Description: Lemma for repizf2 3936. If we have a function-like proposition which provides at most one value of 𝑦 for each 𝑥 in a set 𝑤, we can change "at most one" to "exactly one" by restricting the values of 𝑥 to those values for which the proposition provides a value of 𝑦. (Contributed by Jim Kingdon, 7-Sep-2018.)

Assertion

Ref	Expression
repizf2lem	⊢ (∀𝑥 ∈ 𝑤 ∃*𝑦𝜑 ↔ ∀𝑥 ∈ {𝑥 ∈ 𝑤 ∣ ∃𝑦𝜑}∃!𝑦𝜑)
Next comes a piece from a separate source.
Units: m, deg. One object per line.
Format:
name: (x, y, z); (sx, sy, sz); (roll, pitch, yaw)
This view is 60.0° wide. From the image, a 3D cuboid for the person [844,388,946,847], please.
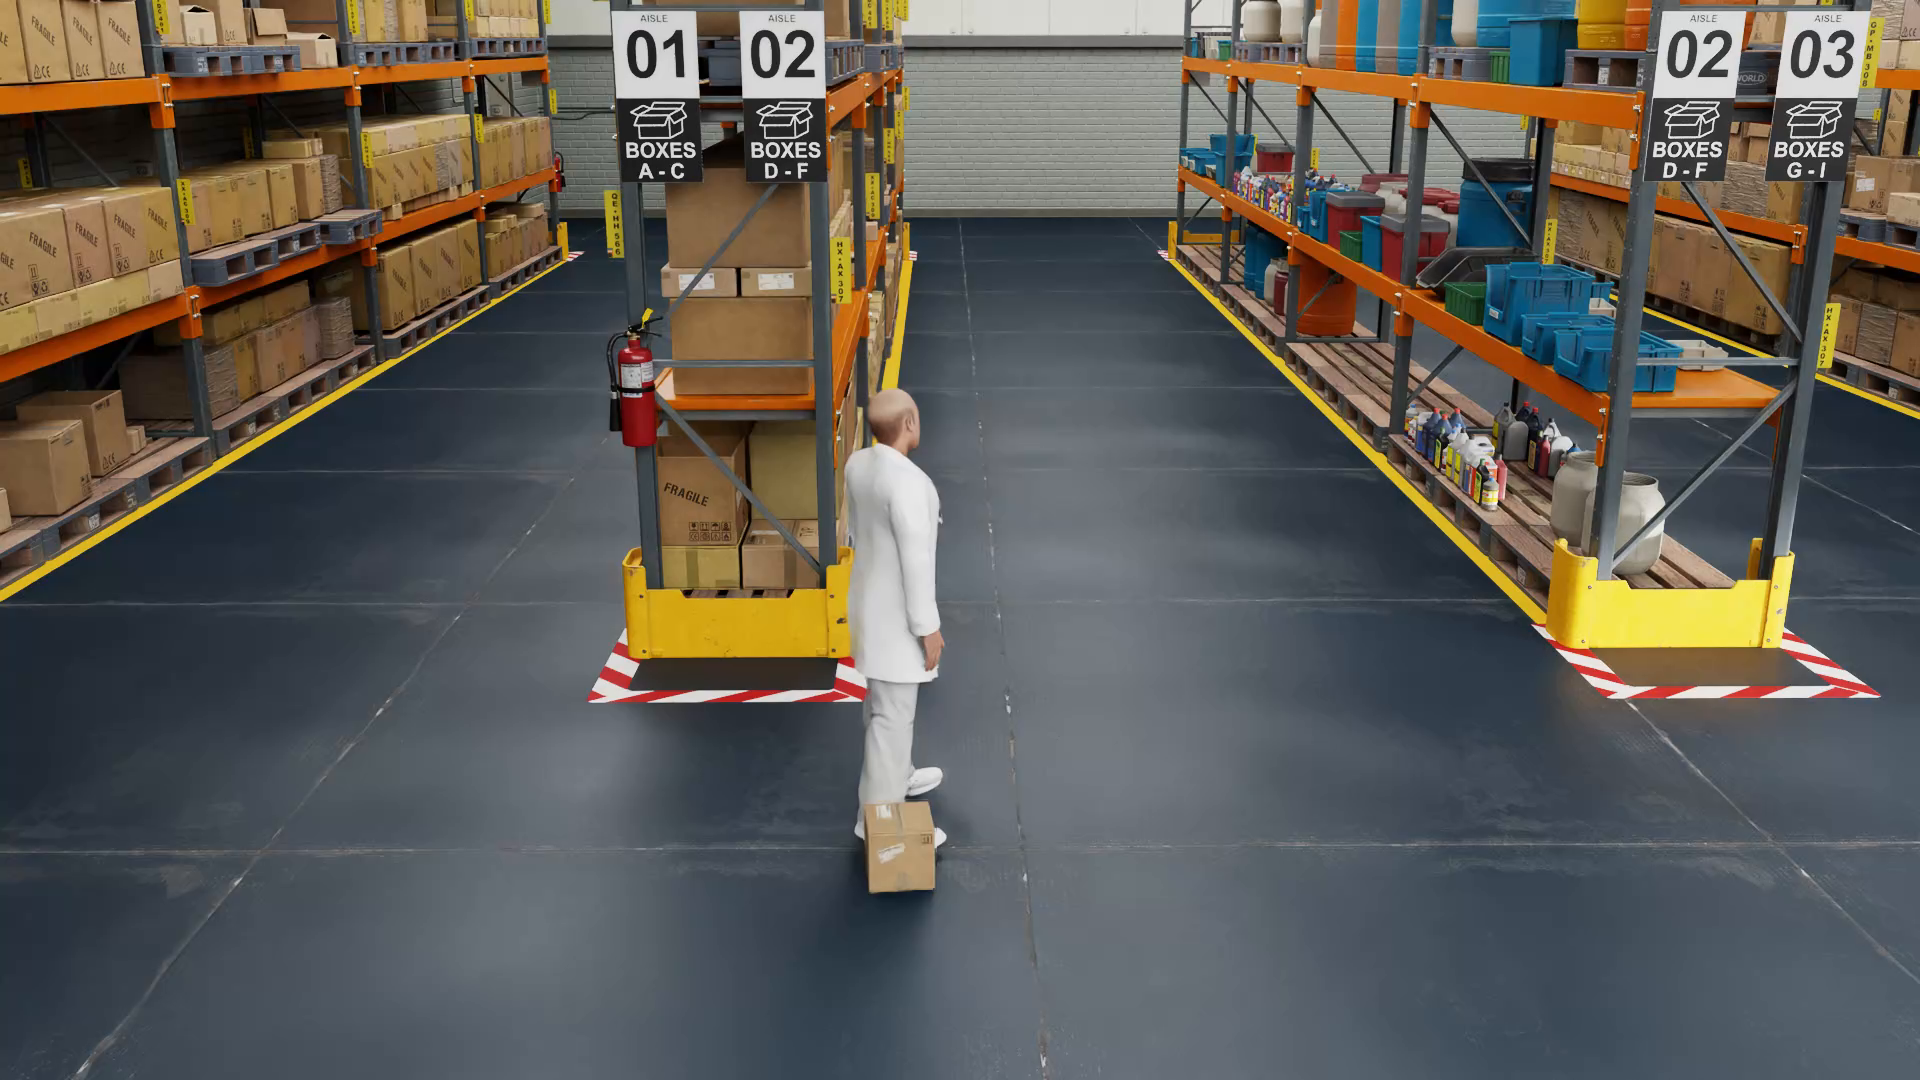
person: (-0.228, 0.279, 6.540); (0.504, 1.787, 0.649); (-7, 18, -23)
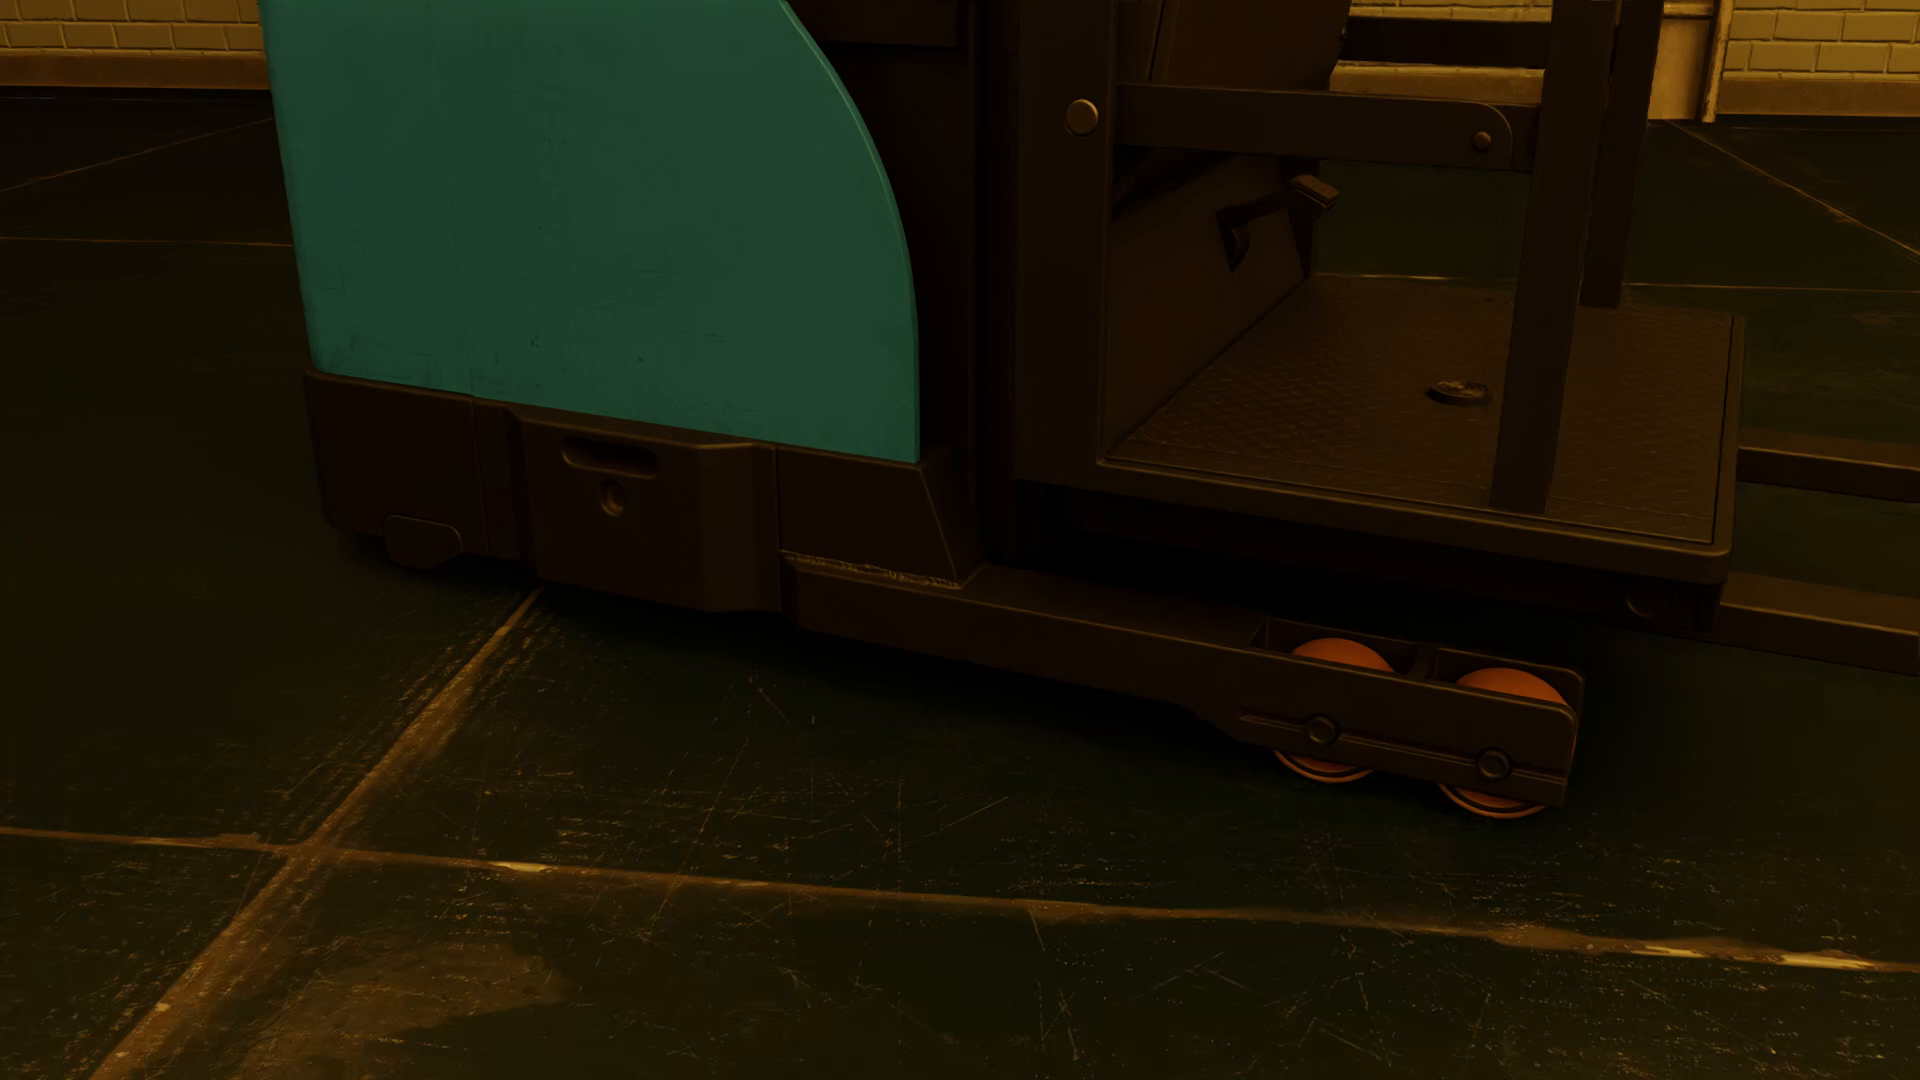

Proof of Theorem repizf2lem

Step	Hyp	Ref	Expression
1		df-mo 1945	. . . 4 ⊢ (∃*𝑦𝜑 ↔ (∃𝑦𝜑 → ∃!𝑦𝜑))
2	1	imbi2i 224	. . 3 ⊢ ((𝑥 ∈ 𝑤 → ∃*𝑦𝜑) ↔ (𝑥 ∈ 𝑤 → (∃𝑦𝜑 → ∃!𝑦𝜑)))
3	2	albii 1399	. 2 ⊢ (∀𝑥(𝑥 ∈ 𝑤 → ∃*𝑦𝜑) ↔ ∀𝑥(𝑥 ∈ 𝑤 → (∃𝑦𝜑 → ∃!𝑦𝜑)))
4		df-ral 2353	. 2 ⊢ (∀𝑥 ∈ 𝑤 ∃*𝑦𝜑 ↔ ∀𝑥(𝑥 ∈ 𝑤 → ∃*𝑦𝜑))
5		df-ral 2353	. . 3 ⊢ (∀𝑥 ∈ {𝑥 ∈ 𝑤 ∣ ∃𝑦𝜑}∃!𝑦𝜑 ↔ ∀𝑥(𝑥 ∈ {𝑥 ∈ 𝑤 ∣ ∃𝑦𝜑} → ∃!𝑦𝜑))
6		rabid 2529	. . . . . 6 ⊢ (𝑥 ∈ {𝑥 ∈ 𝑤 ∣ ∃𝑦𝜑} ↔ (𝑥 ∈ 𝑤 ∧ ∃𝑦𝜑))
7	6	imbi1i 236	. . . . 5 ⊢ ((𝑥 ∈ {𝑥 ∈ 𝑤 ∣ ∃𝑦𝜑} → ∃!𝑦𝜑) ↔ ((𝑥 ∈ 𝑤 ∧ ∃𝑦𝜑) → ∃!𝑦𝜑))
8		impexp 259	. . . . 5 ⊢ (((𝑥 ∈ 𝑤 ∧ ∃𝑦𝜑) → ∃!𝑦𝜑) ↔ (𝑥 ∈ 𝑤 → (∃𝑦𝜑 → ∃!𝑦𝜑)))
9	7, 8	bitri 182	. . . 4 ⊢ ((𝑥 ∈ {𝑥 ∈ 𝑤 ∣ ∃𝑦𝜑} → ∃!𝑦𝜑) ↔ (𝑥 ∈ 𝑤 → (∃𝑦𝜑 → ∃!𝑦𝜑)))
10	9	albii 1399	. . 3 ⊢ (∀𝑥(𝑥 ∈ {𝑥 ∈ 𝑤 ∣ ∃𝑦𝜑} → ∃!𝑦𝜑) ↔ ∀𝑥(𝑥 ∈ 𝑤 → (∃𝑦𝜑 → ∃!𝑦𝜑)))
11	5, 10	bitri 182	. 2 ⊢ (∀𝑥 ∈ {𝑥 ∈ 𝑤 ∣ ∃𝑦𝜑}∃!𝑦𝜑 ↔ ∀𝑥(𝑥 ∈ 𝑤 → (∃𝑦𝜑 → ∃!𝑦𝜑)))
12	3, 4, 11	3bitr4i 210	1 ⊢ (∀𝑥 ∈ 𝑤 ∃*𝑦𝜑 ↔ ∀𝑥 ∈ {𝑥 ∈ 𝑤 ∣ ∃𝑦𝜑}∃!𝑦𝜑)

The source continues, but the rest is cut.